Choose MSI or SAPHHIRE if you want peace of mind

*As for Mobo*-
ASUS is serviced by the famous RASHI PERIPHERAL.If you want peace of mind avoid ASUS.
Many of us(incl.me) in this forum has problem from getting replacement from them.They will simply harass you without giving any help.
*ASUS is very good brand no doubt in it* but buddy if anything went wrong you will be humiliated  .They are very bad.Ditch the idea of getting *ASUS*

Instead Consider the board i have given its MSI Z68A-GD65(B3).Its very solid board.MSI builds better motherboard than ASUS.
I have used MSI P45 Neo3-FR for four years now sold it because am upgrading to Sandybridge rig.
Also the after sales service of MSI is very good.I am getting GD65 board also.


----------



## fatalcore (Jul 17, 2011)

Tenida said:


> No you can't get warranty in kolkata if you import from US or others country.



Any solution to this issue? as this card 6970 will cost around 15K if I bring from US.

As for ram - whats the meaning of high profile and low profile ? I am not aware of this term. can you plz explain me .
Thanks in advance,
FC.


----------



## Tenida (Jul 17, 2011)

*As for cabinet*- For cabinet go for Coolermaster 690II advanced or Coolermaster Haf 912 Advanced.
If you can wait then one good news for you.*MD computers* will stock *NZXT product *after few days. *NZXT phantom* will be very good choice better than coolermaster's ones.


----------



## Tenida (Jul 17, 2011)

fatalcore said:


> Any solution to this issue? as this card 6970 will cost around 15K if I bring from US.
> 
> As for ram - whats the meaning of high profile and low profile ? I am not aware of this term. can you plz explain me .
> Thanks in advance,
> FC.



*Low profile* means size is not that big.You can install begger cpu cooler with them.This includes ram like Gskill Ripjaws X 
Here the photo
View attachment 4979


*High Profile* means the size is quite bigger than Ripjaws X.You can't install bigger cpu cooler eith them
Look here
View attachment 4980
View attachment 4981

You can buy that card at 15K but you will not get warranty from Kolkata or outside


----------



## fatalcore (Jul 17, 2011)

Tenida said:


> *As for cabinet*- For cabinet go for Coolermaster 690II advanced or Coolermaster Haf 912 Advanced.
> If you can wait then one good news for you.*MD computers* will stock *NZXT product *after few days. *NZXT phantom* will be very good choice better than coolermaster's ones.

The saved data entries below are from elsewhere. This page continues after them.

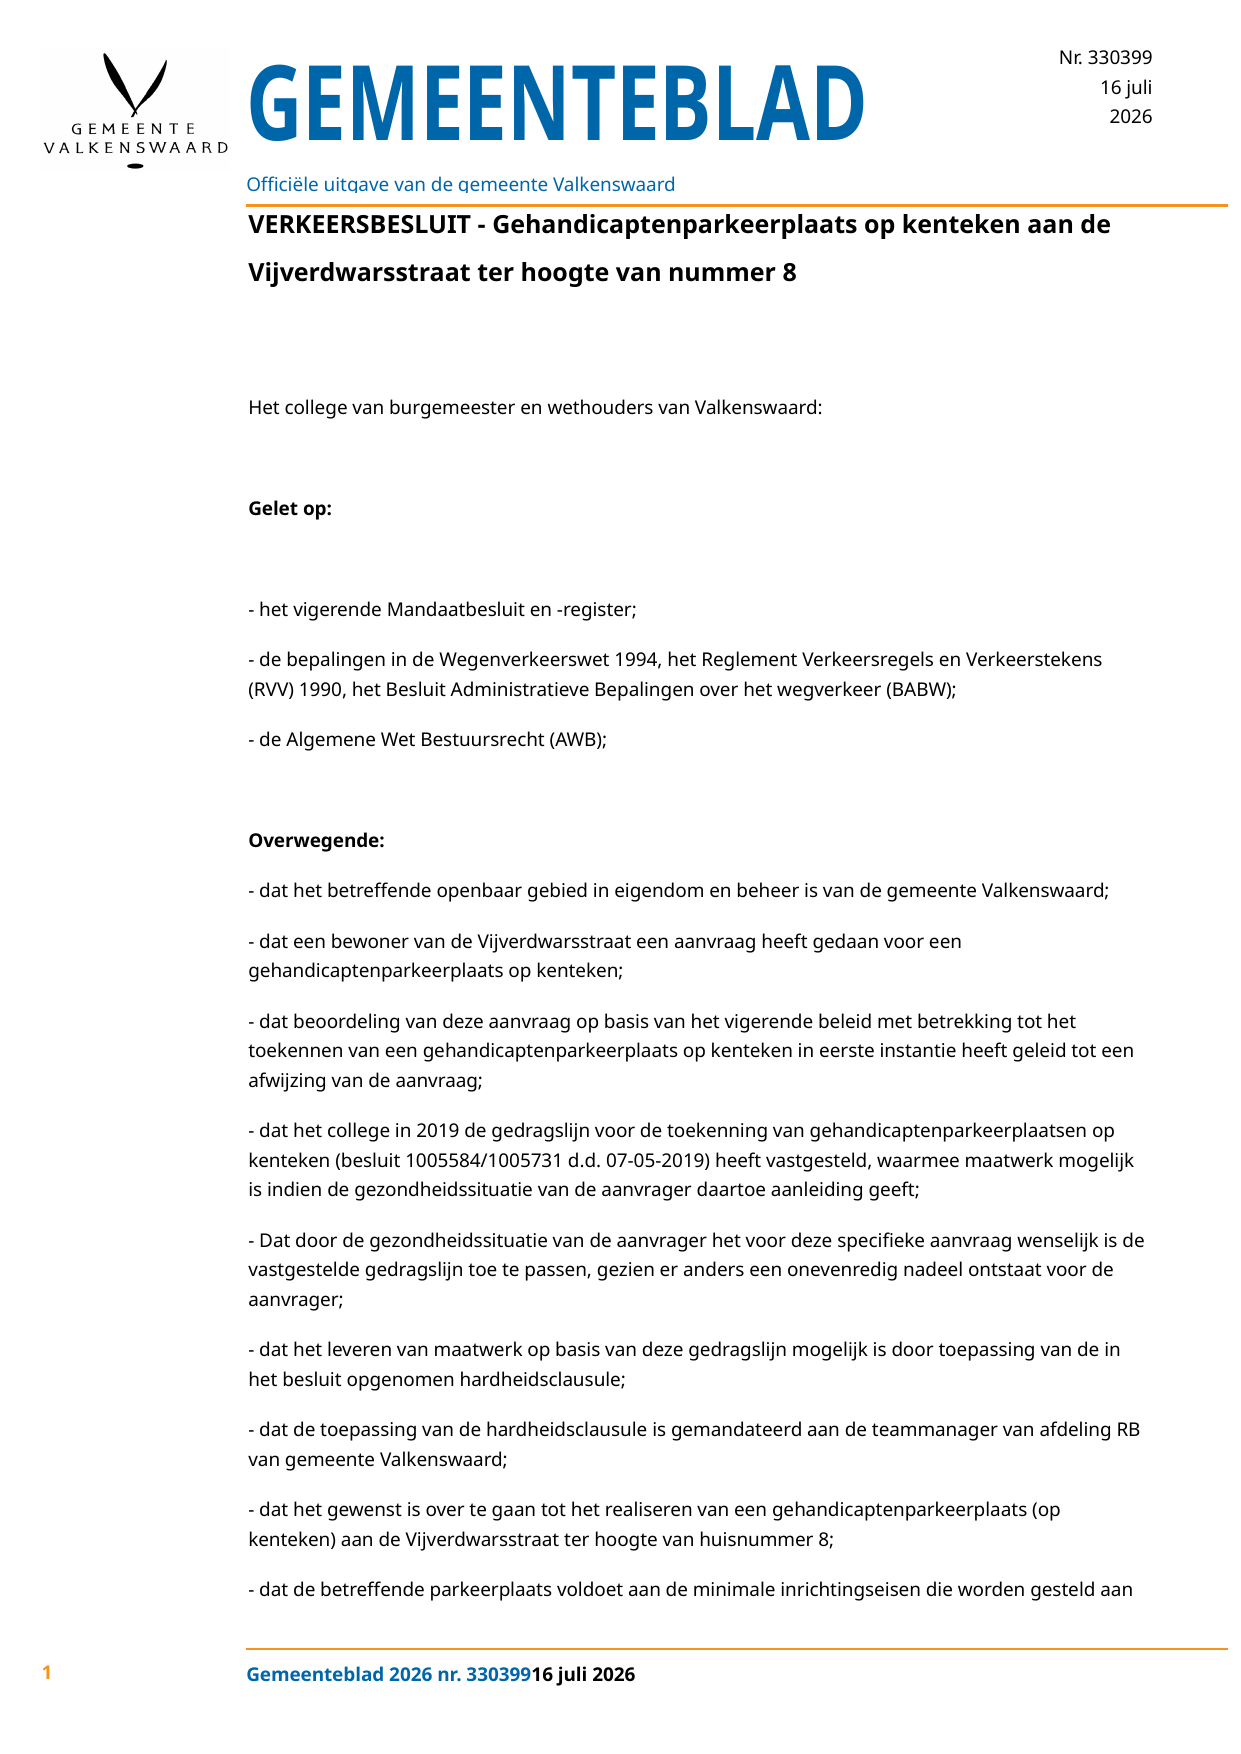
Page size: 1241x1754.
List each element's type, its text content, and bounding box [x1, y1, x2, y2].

text Het college van burgemeester en wethouders van Valkenswaard: [248, 394, 1152, 420]
text - dat beoordeling van deze aanvraag op basis van het vigerende beleid met betrekking tot het toekennen van een gehandicaptenparkeerplaats op kenteken in eerste instantie heeft geleid tot een afwijzing van de aanvraag; [248, 1008, 1152, 1093]
text - dat het leveren van maatwerk op basis van deze gedragslijn mogelijk is door toepassing van de in het besluit opgenomen hardheidsclausule; [248, 1337, 1152, 1392]
text VERKEERSBESLUIT - Gehandicaptenparkeerplaats op kenteken aan de Vijverdwarsstraat ter hoogte van nummer 8 [248, 207, 1152, 288]
text - Dat door de gezondheidssituatie van de aanvrager het voor deze specifieke aanvraag wenselijk is de vastgestelde gedragslijn toe te passen, gezien er anders een onevenredig nadeel ontstaat voor de aanvrager; [248, 1227, 1152, 1312]
text - dat het college in 2019 de gedragslijn voor de toekenning van gehandicaptenparkeerplaatsen op kenteken (besluit 1005584/1005731 d.d. 07-05-2019) heeft vastgesteld, waarmee maatwerk mogelijk is indien de gezondheidssituatie van de aanvrager daartoe aanleiding geeft; [248, 1117, 1152, 1202]
text - de bepalingen in de Wegenverkeerswet 1994, het Reglement Verkeersregels en Verkeerstekens (RVV) 1990, het Besluit Administratieve Bepalingen over het wegverkeer (BABW); [248, 646, 1152, 701]
text Overwegende: [248, 827, 1152, 853]
picture [41, 47, 231, 172]
text - dat het gewenst is over te gaan tot het realiseren van een gehandicaptenparkeerplaats (op kenteken) aan de Vijverdwarsstraat ter hoogte van huisnummer 8; [248, 1497, 1152, 1552]
text - het vigerende Mandaatbesluit en -register; [248, 596, 1152, 621]
text - dat de toepassing van de hardheidsclausule is gemandateerd aan de teammanager van afdeling RB van gemeente Valkenswaard; [248, 1417, 1152, 1472]
text Gelet op: [248, 495, 1152, 521]
text - dat de betreffende parkeerplaats voldoet aan de minimale inrichtingseisen die worden gesteld aan [248, 1577, 1152, 1602]
text - de Algemene Wet Bestuursrecht (AWB); [248, 726, 1152, 752]
text - dat het betreffende openbaar gebied in eigendom en beheer is van de gemeente Valkenswaard; [248, 877, 1152, 903]
text - dat een bewoner van de Vijverdwarsstraat een aanvraag heeft gedaan voor een gehandicaptenparkeerplaats op kenteken; [248, 928, 1152, 983]

Tenida , Check out this Link
	
	



```
*www.nzxt.com/new/images/_upload/product_gallery/_MG_9099.jpg
```

 I was just checking the phanton cabinet found aris and rog board inside it...Looks awesome.


----------



## Tenida (Jul 17, 2011)

Yeah it looks awesome buddy.But your given board is MATX but later was ATX board


----------



## fatalcore (Jul 17, 2011)

^ Year awesome looks- I also soon some other user rigs....Awesome awesome... 580 in Sli. Hydro cooling and CF ....waao... I mean thats what I call a rig...
Awyway....If the after sales serive is not good then no point in having asus board.


----------



## Souro_Ray (Jul 17, 2011)

Fatalcore, bhai.. High profile means the RAM modules are tall.. Low Profile means the modules are short...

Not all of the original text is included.